Microsoft Announces Third Major Malware Disruption Since Cybercrime Center Launched
Microsoft's Cybercrime unit has eliminated another threat, this time through legal action.
June 30, 2014
In a blog post on July 1, Microsoft announced the successful disruption of a serious strain of malware promoted and proliferated by No-IP.com. Two foreign nationals, Mohamed Benabdellah and Naser Al Mutairi, along with a U.S. company, Vitalwerks Internet Solutions, LLC were cited in a lawsuit filed on June 19, 2014. The lawsuit can be viewed in its entirety online HERE.
This marks the tenth overall malware disruption since the company started aggressively advancing on cybercrime in February 2010, and the third since the Microsoft Cybercrime Center launched in November 2013. The Cybercrime Center is a facility dedicated to monitoring, locating, and eliminating electronic crimes in an effort to protect Microsoft and its customers.
Mohamed and Naser leveraged social media to promote the Bladabindi (NJrat) and Jenxcus (NJw0rm) family of malware. They offered detailed instructions to anyone on how to infiltrate the computers of unsuspecting victims causing millions of computers worldwide to become infected. Microsoft alone revealed more than 7.4 million Bladabindi-Jenxcus detections over the past 12 months. This does not include detection from other anti-virus vendors.

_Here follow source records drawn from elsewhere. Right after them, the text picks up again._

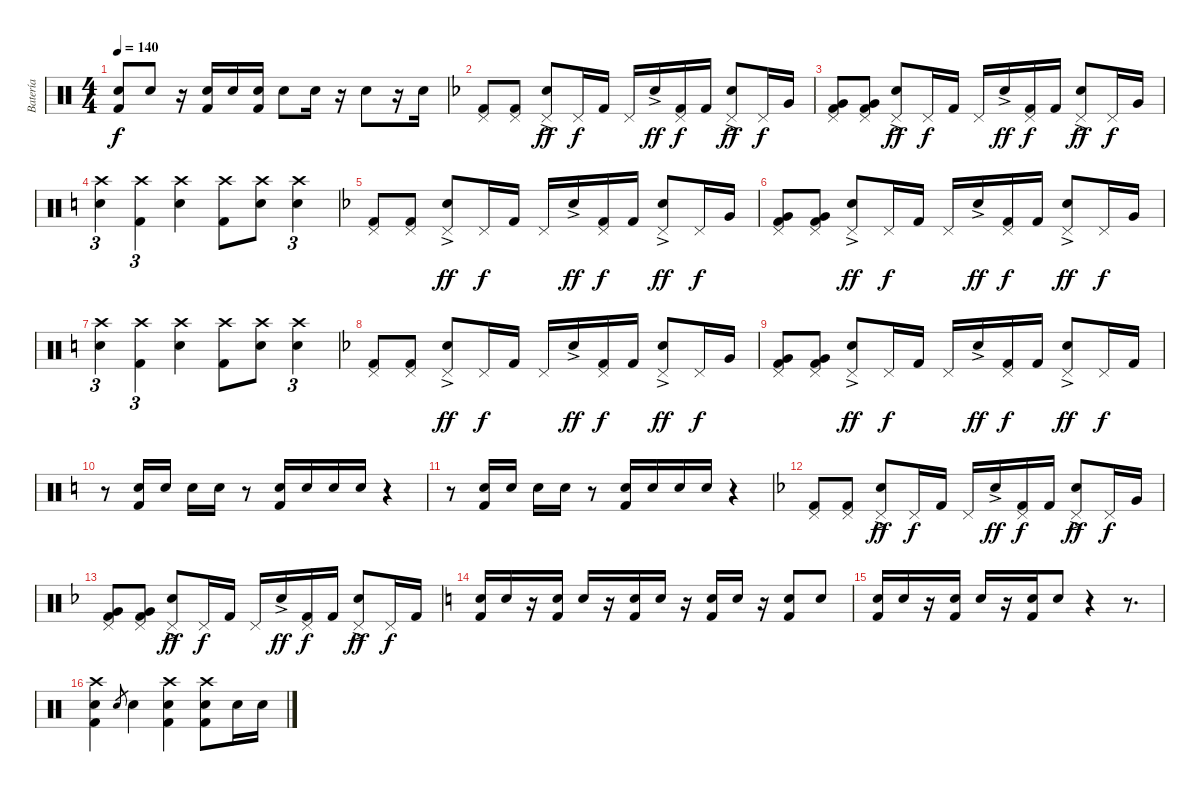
\track ("Batería" "Batería") {instrument percussion}
\staff {score}
\articulation defaults
\ts (4 4)
\tempo 140
\clef neutral
\ks c
("Snare (hit) 2" "Kick (hit) 2").8{dy f} "Snare (hit) 2".8 r.16 ("Snare (hit) 2" "Kick (hit) 2").16 "Snare (hit) 2".16 ("Snare (hit) 2" "Kick (hit) 2").16 "Snare (hit) 2".8 "Snare (hit) 2".16 r.16 "Snare (hit) 2".8 r.16 "Snare (hit) 2".16 |
\ks f
("Pedal Hi-Hat (hit)" "Kick (hit) 2").8 ("Pedal Hi-Hat (hit)" "Kick (hit) 2").8 ("Pedal Hi-Hat (hit)" "Electric Snare (hit)"{ac}).8{dy ff} "Pedal Hi-Hat (hit)".16{dy f} "Kick (hit) 2".16 "Pedal Hi-Hat (hit)".16 "Electric Snare (hit)"{ac}.16{dy ff} ("Pedal Hi-Hat (hit)" "Kick (hit) 2").16{dy f} "Kick (hit) 2".16 ("Pedal Hi-Hat (hit)" "Electric Snare (hit)"{ac}).8{dy ff} "Pedal Hi-Hat (hit)".16{dy f} "Very Low Tom (hit)".16 |
("Pedal Hi-Hat (hit)" "Very Low Tom (hit)" "Kick (hit) 2").8 ("Pedal Hi-Hat (hit)" "Very Low Tom (hit)" "Kick (hit) 2").8 ("Pedal Hi-Hat (hit)" "Electric Snare (hit)"{ac}).8{dy ff} "Pedal Hi-Hat (hit)".16{dy f} "Kick (hit) 2".16 "Pedal Hi-Hat (hit)".16 "Electric Snare (hit)"{ac}.16{dy ff} ("Pedal Hi-Hat (hit)" "Kick (hit) 2").16{dy f} "Kick (hit) 2".16 ("Pedal Hi-Hat (hit)" "Electric Snare (hit)"{ac}).8{dy ff} "Pedal Hi-Hat (hit)".16{dy f} "Very Low Tom (hit)".16 |
\ks c
("Crash high (hit)" "Snare (hit) 2").4{tu (3 2)} ("Crash high (hit)" "Kick (hit) 2").4{tu (3 2)} ("Crash high (hit)" "Snare (hit) 2").4 ("Crash high (hit)" "Kick (hit) 2").8 ("Crash high (hit)" "Snare (hit) 2").8 ("Crash high (hit)" "Snare (hit) 2").4{tu (3 2)} |
\ks f
("Pedal Hi-Hat (hit)" "Kick (hit) 2").8 ("Pedal Hi-Hat (hit)" "Kick (hit) 2").8 ("Pedal Hi-Hat (hit)" "Electric Snare (hit)"{ac}).8{dy ff} "Pedal Hi-Hat (hit)".16{dy f} "Kick (hit) 2".16 "Pedal Hi-Hat (hit)".16 "Electric Snare (hit)"{ac}.16{dy ff} ("Pedal Hi-Hat (hit)" "Kick (hit) 2").16{dy f} "Kick (hit) 2".16 ("Pedal Hi-Hat (hit)" "Electric Snare (hit)"{ac}).8{dy ff} "Pedal Hi-Hat (hit)".16{dy f} "Very Low Tom (hit)".16 |
("Pedal Hi-Hat (hit)" "Very Low Tom (hit)" "Kick (hit) 2").8 ("Pedal Hi-Hat (hit)" "Very Low Tom (hit)" "Kick (hit) 2").8 ("Pedal Hi-Hat (hit)" "Electric Snare (hit)"{ac}).8{dy ff} "Pedal Hi-Hat (hit)".16{dy f} "Kick (hit) 2".16 "Pedal Hi-Hat (hit)".16 "Electric Snare (hit)"{ac}.16{dy ff} ("Pedal Hi-Hat (hit)" "Kick (hit) 2").16{dy f} "Kick (hit) 2".16 ("Pedal Hi-Hat (hit)" "Electric Snare (hit)"{ac}).8{dy ff} "Pedal Hi-Hat (hit)".16{dy f} "Very Low Tom (hit)".16 |
\ks c
("Crash high (hit)" "Snare (hit) 2").4{tu (3 2)} ("Crash high (hit)" "Kick (hit) 2").4{tu (3 2)} ("Crash high (hit)" "Snare (hit) 2").4 ("Crash high (hit)" "Kick (hit) 2").8 ("Crash high (hit)" "Snare (hit) 2").8 ("Crash high (hit)" "Snare (hit) 2").4{tu (3 2)} |
\ks f
("Pedal Hi-Hat (hit)" "Kick (hit) 2").8 ("Pedal Hi-Hat (hit)" "Kick (hit) 2").8 ("Pedal Hi-Hat (hit)" "Electric Snare (hit)"{ac}).8{dy ff} "Pedal Hi-Hat (hit)".16{dy f} "Kick (hit) 2".16 "Pedal Hi-Hat (hit)".16 "Electric Snare (hit)"{ac}.16{dy ff} ("Pedal Hi-Hat (hit)" "Kick (hit) 2").16{dy f} "Kick (hit) 2".16 ("Pedal Hi-Hat (hit)" "Electric Snare (hit)"{ac}).8{dy ff} "Pedal Hi-Hat (hit)".16{dy f} "Very Low Tom (hit)".16 |
("Pedal Hi-Hat (hit)" "Very Low Tom (hit)" "Kick (hit) 2").8 ("Pedal Hi-Hat (hit)" "Very Low Tom (hit)" "Kick (hit) 2").8 ("Pedal Hi-Hat (hit)" "Electric Snare (hit)"{ac}).8{dy ff} "Pedal Hi-Hat (hit)".16{dy f} "Kick (hit) 2".16 "Pedal Hi-Hat (hit)".16 "Electric Snare (hit)"{ac}.16{dy ff} ("Pedal Hi-Hat (hit)" "Kick (hit) 2").16{dy f} "Kick (hit) 2".16 ("Pedal Hi-Hat (hit)" "Electric Snare (hit)"{ac}).8{dy ff} "Pedal Hi-Hat (hit)".16{dy f} "Kick (hit) 2".16 |
\ks c
r.8 ("Snare (hit) 2" "Kick (hit) 2").16 "Snare (hit) 2".16 "Snare (hit) 2".16 "Snare (hit) 2".16 r.8 ("Snare (hit) 2" "Kick (hit) 2").16 "Snare (hit) 2".16 "Snare (hit) 2".16 "Snare (hit) 2".16 r.4 |
r.8 ("Snare (hit) 2" "Kick (hit) 2").16 "Snare (hit) 2".16 "Snare (hit) 2".16 "Snare (hit) 2".16 r.8 ("Snare (hit) 2" "Kick (hit) 2").16 "Snare (hit) 2".16 "Snare (hit) 2".16 "Snare (hit) 2".16 r.4 |
\ks f
("Pedal Hi-Hat (hit)" "Kick (hit) 2").8 ("Pedal Hi-Hat (hit)" "Kick (hit) 2").8 ("Pedal Hi-Hat (hit)" "Electric Snare (hit)"{ac}).8{dy ff} "Pedal Hi-Hat (hit)".16{dy f} "Kick (hit) 2".16 "Pedal Hi-Hat (hit)".16 "Electric Snare (hit)"{ac}.16{dy ff} ("Pedal Hi-Hat (hit)" "Kick (hit) 2").16{dy f} "Kick (hit) 2".16 ("Pedal Hi-Hat (hit)" "Electric Snare (hit)"{ac}).8{dy ff} "Pedal Hi-Hat (hit)".16{dy f} "Very Low Tom (hit)".16 |
("Pedal Hi-Hat (hit)" "Very Low Tom (hit)" "Kick (hit) 2").8 ("Pedal Hi-Hat (hit)" "Very Low Tom (hit)" "Kick (hit) 2").8 ("Pedal Hi-Hat (hit)" "Electric Snare (hit)"{ac}).8{dy ff} "Pedal Hi-Hat (hit)".16{dy f} "Kick (hit) 2".16 "Pedal Hi-Hat (hit)".16 "Electric Snare (hit)"{ac}.16{dy ff} ("Pedal Hi-Hat (hit)" "Kick (hit) 2").16{dy f} "Kick (hit) 2".16 ("Pedal Hi-Hat (hit)" "Electric Snare (hit)"{ac}).8{dy ff} "Pedal Hi-Hat (hit)".16{dy f} "Kick (hit) 2".16 |
\ks c
("Snare (hit) 2" "Kick (hit) 2").16 "Snare (hit) 2".16 r.16 ("Snare (hit) 2" "Kick (hit) 2").16 "Snare (hit) 2".16 r.16 ("Snare (hit) 2" "Kick (hit) 2").16 "Snare (hit) 2".16 r.16 ("Snare (hit) 2" "Kick (hit) 2").16 "Snare (hit) 2".16 r.16 ("Snare (hit) 2" "Kick (hit) 2").8 "Snare (hit) 2".8 |
("Snare (hit) 2" "Kick (hit) 2").16 "Snare (hit) 2".16 r.16 ("Snare (hit) 2" "Kick (hit) 2").16 "Snare (hit) 2".16 r.16 ("Snare (hit) 2" "Kick (hit) 2").16 "Snare (hit) 2".8 r.4 r.8{d} |
("Crash high (hit)" "Snare (hit) 2" "Kick (hit) 2").4 "Snare (hit) 2".8{gr} "Snare (hit) 2".4 ("Crash high (hit)" "Snare (hit) 2" "Kick (hit) 2").4 ("Crash high (hit)" "Snare (hit) 2" "Kick (hit) 2").8 "Snare (hit) 2".16 "Snare (hit) 2".16

Microsoft took the strong legal actions after the security community had lobbied complaints against No-IP for domain abuse with no resolution. The company continued to ignore the complaints despite being utilized in almost 93 percent of all Bladabindi-Jenxcus infections.
On June 26, 2014, the U.S. District Court of Nevada granted Microsoft authority over No-IP's 23 domains. Microsoft subsequently eliminated the threat by rerouting traffic to a "sinkhole" and developed malware cleaning techniques through reverse engineering.